In the laboratory part of the course you will carry out from time to time various measurements and will be
asked to draw conclusions. In the course you will be asked to solve problems for homework of an analytic
nature. To help you do these activities you will need to understand the following concepts and/or techniques of
analytical thinking.
Your work will be judged on quality which usually mean time commitment. Your mathematical skills are
only improved with practice. . this exercise is a review of mathematical concepts you will use, master
these and you will not find this course difficult. Whatever is not finished in the laboratory session should
be finished at home and this entire exercise handed in next laboratory period.
I. Metric measurement.
Study the Metric Ruler as you do this exercise.
The measure of length is now universally based on the meter.
Examine a meter stick and note that 1 meter = 100 centimeters and further
note that 1 cm. = 10 millimeter.
Measurements are expressed in decimal fashion,
for example: 1.57 meters, 12.55 cm. 345.5 mm 3 kilometers
TASK 1. How many millimeters in one meter. ______________________
TASK 2. 25.5 cm = ? mm
______________________
TASK 3. 1.579 meters = ? cm = ? mm
______________________
The metric system was developed around 1775 by French scientists.

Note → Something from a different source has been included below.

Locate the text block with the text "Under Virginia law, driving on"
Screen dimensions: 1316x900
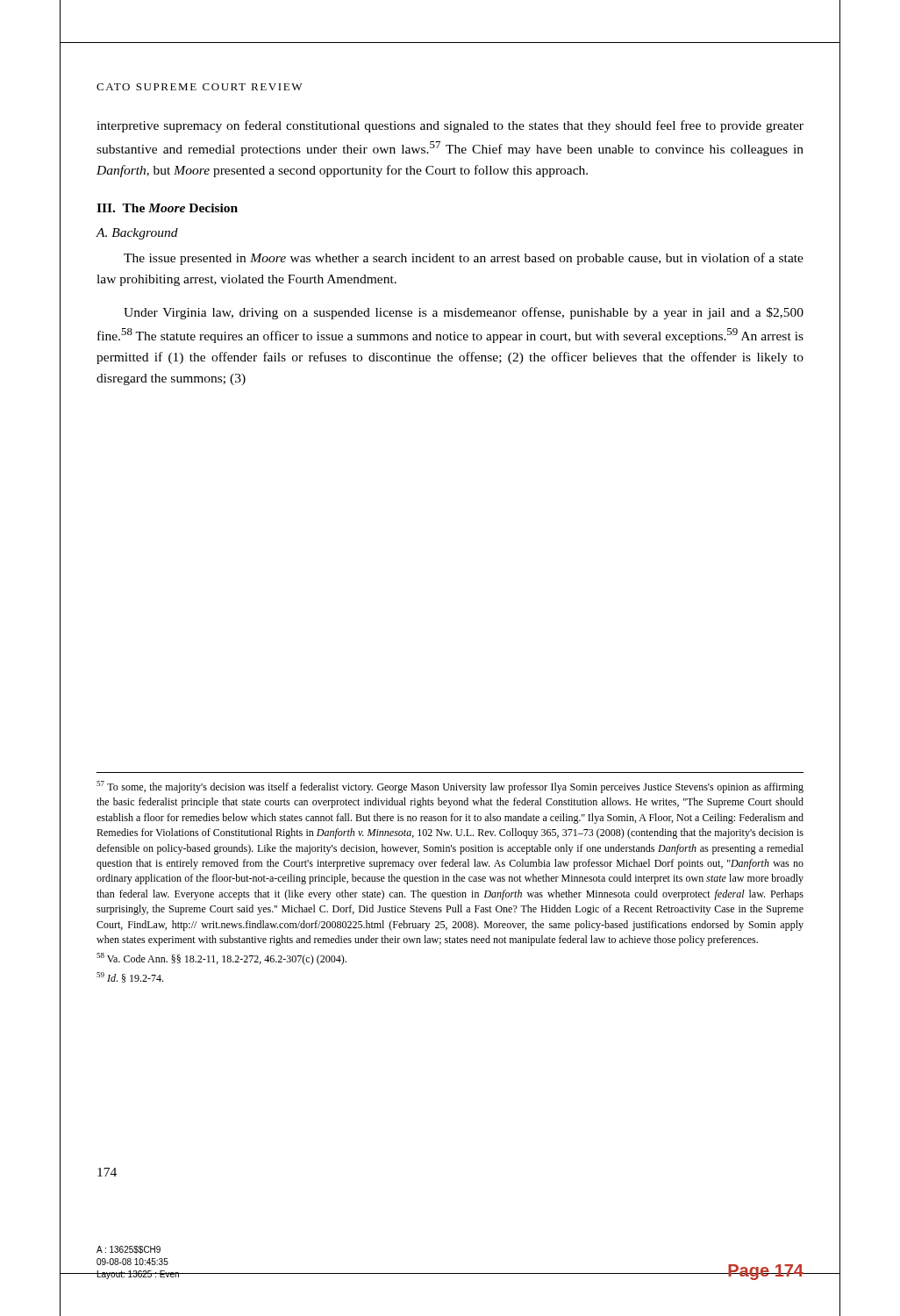(450, 345)

It is convenient to use because its units are
related by powers of ten. A standardized system now exists worldwide. It is referred to as the International
System (SI) of weights and measures.
Traditionally in the study of physics, hence astrophysics, two systems of measure have been used. They are
referred to as the MKS and the CGS systems.
MKS system meter - kilogram - second
energy is joule temperature is Kelvin
CGS system centimeter - gram - second energy is erg
temperature is Kelvin
Many textbooks emphasize the MKS system but ours uses mostly the CGS system
The CGS Metric System: some basic fundamental units of measure are displayed.

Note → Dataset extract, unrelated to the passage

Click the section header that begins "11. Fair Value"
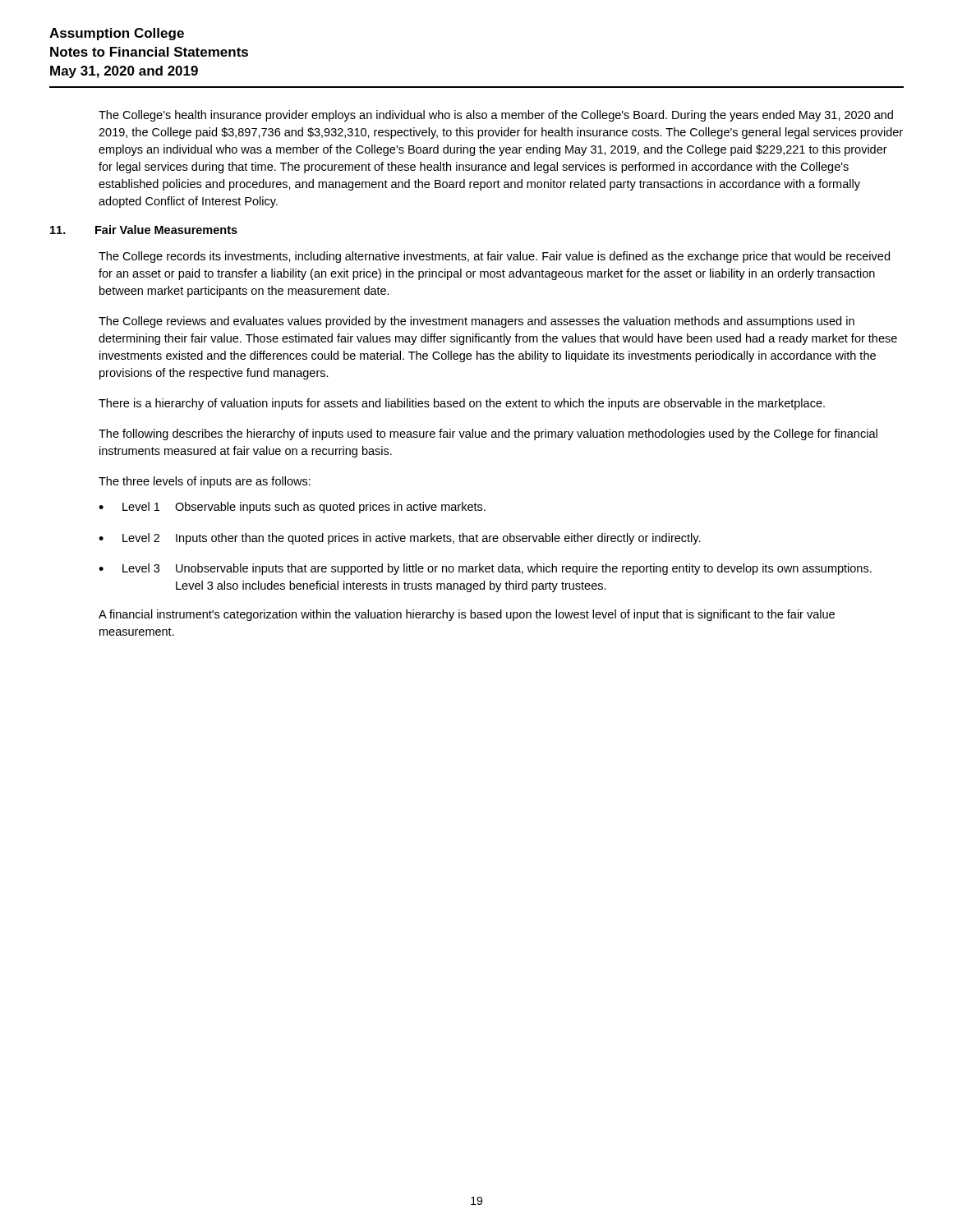The width and height of the screenshot is (953, 1232). pos(143,230)

Length: base unit = centimeter (cm)
Mass: base unit = gram (g)
Time: base unit = second (s)
Energy: base unit=erg
Temperature: base unit=Kelvin (K)
Derived units from the fundamental
Speed (v)= cm/sec
Acceleration (a) = cm/sec2
Volume(V): = liter (derived unit = 1000 ml or =1000 cm^3(cubic centimeter sometimes called a “cc”)
Force: =dynes from F=ma
1 dyne= 1 g x 1cm/sec2
LOOK OVER APPENDIX C UNITS AND CONVERSION TO SEE OTHER UNITS WE
USE IN OUR COURSE…
TASK 3b NAME SEVERAL ENERGY UNITS NOT MENTIONED ABOVE?
LOOK OVER APPENDIX B Physical and astronomical constants to see how some of the
units are used
TASK 3c write down here three constants, all with different units…
Note sometimes I used ^ for exponent!
Units of measure are divided into two categories called the Fundamental unit and the Derived Unit.
Fundamental Unit: These are units of measure obtained directly from measurement observations using SI units
and cannot be obtained indirectly from any simpler or more basic units of measure. Mass, length, and time are
examples of fundamental units.
Derived Unit: These are units of measure which may be able to be observed through direct measurement (i.e.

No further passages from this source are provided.